In 2014, Bertrand “Biz” Barrett filed the first patent application for an Agentic AI System (published as US20160044380A1 Personal Helper BOT System).
At its core, the disclosure described:
A personal avatar interface (your helper persona).
A team of specialized helper BOTs, each focused on narrow tasks.
A recipe engine to orchestrate BOTs sequentially, in parallel, or temporally.
Memory layers (short-term session context + long-term recall).
A Case-Based Reasoning (CBR) system to capture, compare, and reuse past BOT workflows.
This wasn’t a “chatbot.” It was a self-optimizing coordination system.

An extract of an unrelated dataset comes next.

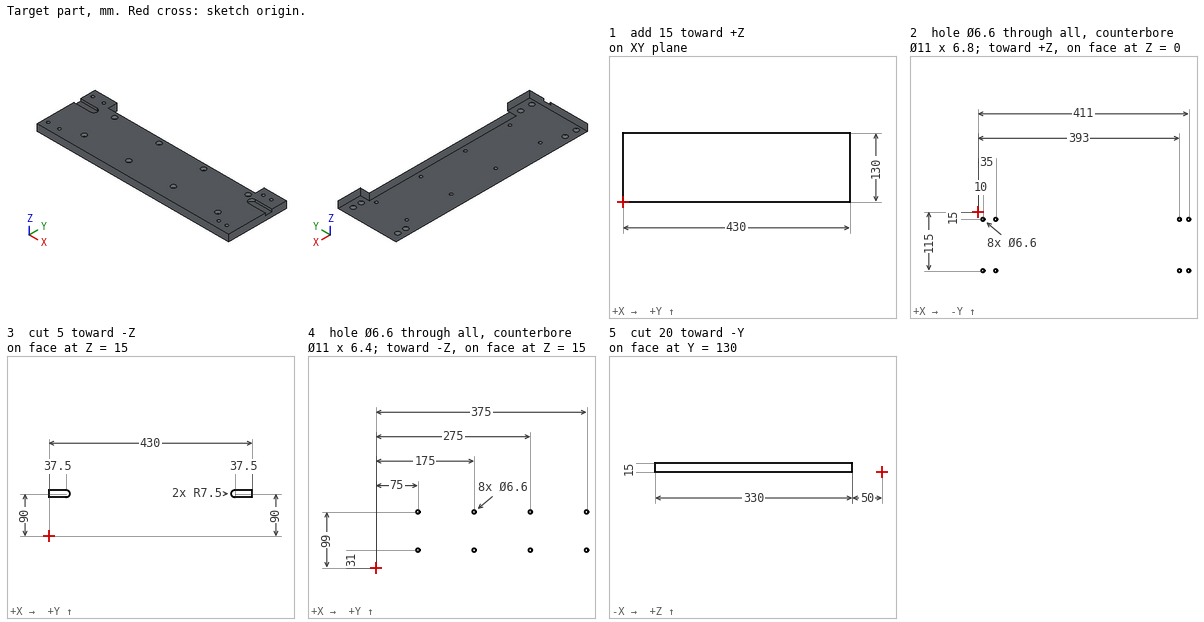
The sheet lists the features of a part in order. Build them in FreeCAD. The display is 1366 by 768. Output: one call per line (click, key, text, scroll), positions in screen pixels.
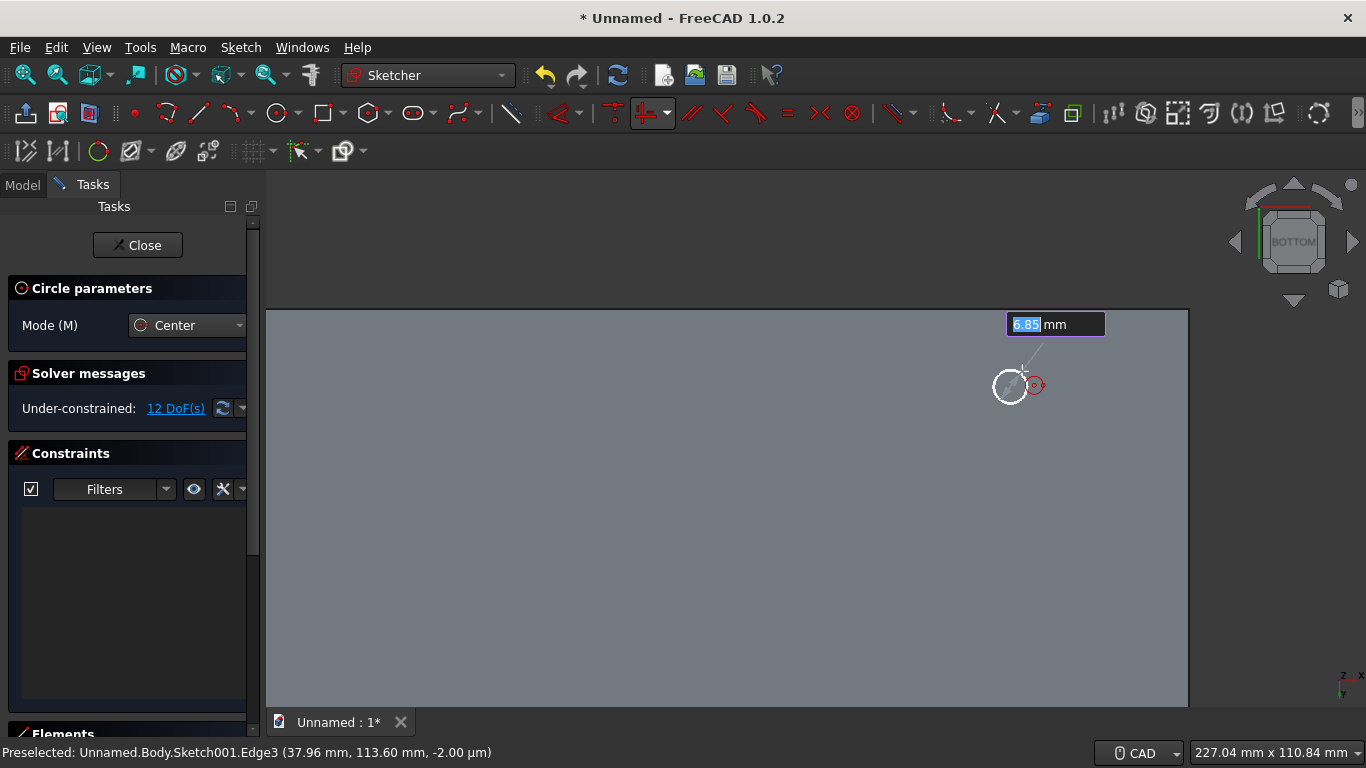
click(1021, 371)

The invention disclosed an AI method that today is still considered cutting-edge:
Case-Based Reasoning similarity matching for memory capture and recall, applied to multi-BOT orchestration. “
This means the system:
Stores each BOT collaboration episode as a case.
Uses similarity scoring to recall relevant past cases when new tasks arrive.
Assigns BOTs and workflows based on historically proven success patterns.
Continuously learns which orchestrations work best.
Then (Barrett): Individual BOTs with narrow expertise (search, scheduling, transactions).
Now (agentic AI): Specialized agents / tools / plugins (e.g. Retrieval Agents, Math Agents, API Wrappers).
Direct lineage: Barrett’s BOTs = today’s “function-specific agents.”
Then (Barrett): Single point of interaction with natural-language dialogue and user profile awareness.
Now: Coordinator / conductor agent (sometimes called an “Executive Agent” or “Orchestrator Agent”).
Barrett’s avatar Camille™ is the modern orchestrator agent.
Then (Barrett): Explicit coordination logic for BOT hand-offs, sequential/parallel execution, temporal gates.
Now: Multi-agent frameworks (e.g. AutoGen, LangChain Agents, CrewAI) that coordinate workflows across multiple models/tools.
Barrett’s recipe engine = today’s orchestration layer in multi-agent systems.
Then (Barrett): Capturing BOT collaboration episodes as cases; similarity matching for recall and reuse; improving with feedback.
Now: Experience replay / episodic memory for agents (vector DBs, semantic recall, reinforcement via case libraries).
Barrett’s CBR Memory Model = today’s “episodic memory” + “experience-based fine-tuning.”
Then (Barrett): Session context vs. persistent CBR case base.
Now: Context window memory vs. vector-store long-term memory (e.g. MemoryGPT, MemGPT).
Direct alignment – Barrett’s architecture anticipated modern memory layering.
Then (Barrett): BOT orchestration pathways are scored; successful patterns reused; failed ones avoided.
Now: Reinforcement Learning for Agents (RLAIF, trajectory scoring, success-weighted policy reuse).
BOTCIERGE’s case library = trajectory buffer in modern reinforcement setups.
Then (Barrett): BOTs could run on TV, mobile, dashboards, etc.
Now: Multi-modal, cross-device agents (voice assistants, embodied robots, browser automation).
Barrett anticipated current push toward multi-modal / multi-platform agents.
What Barrett disclosed in US20160044380A1 and its continuations is not just “another assistant.”
It directly prefigures the hottest areas of agentic AI:
Agent Specialization → Helper BOTs
Orchestrator Agents → Avatar + Recipe Engine
CBR Memory → Vector DB + Experience Replay
Workflow Optimization → Multi-Agent Orchestration + RLHF/RLAIF
In today’s terms: Barrett’s invention describes a full agentic AI stack (specialized agents, orchestrator, memory, and learning loop) almost a decade before the frameworks like AutoGen, LangGraph, and CrewAI emerged.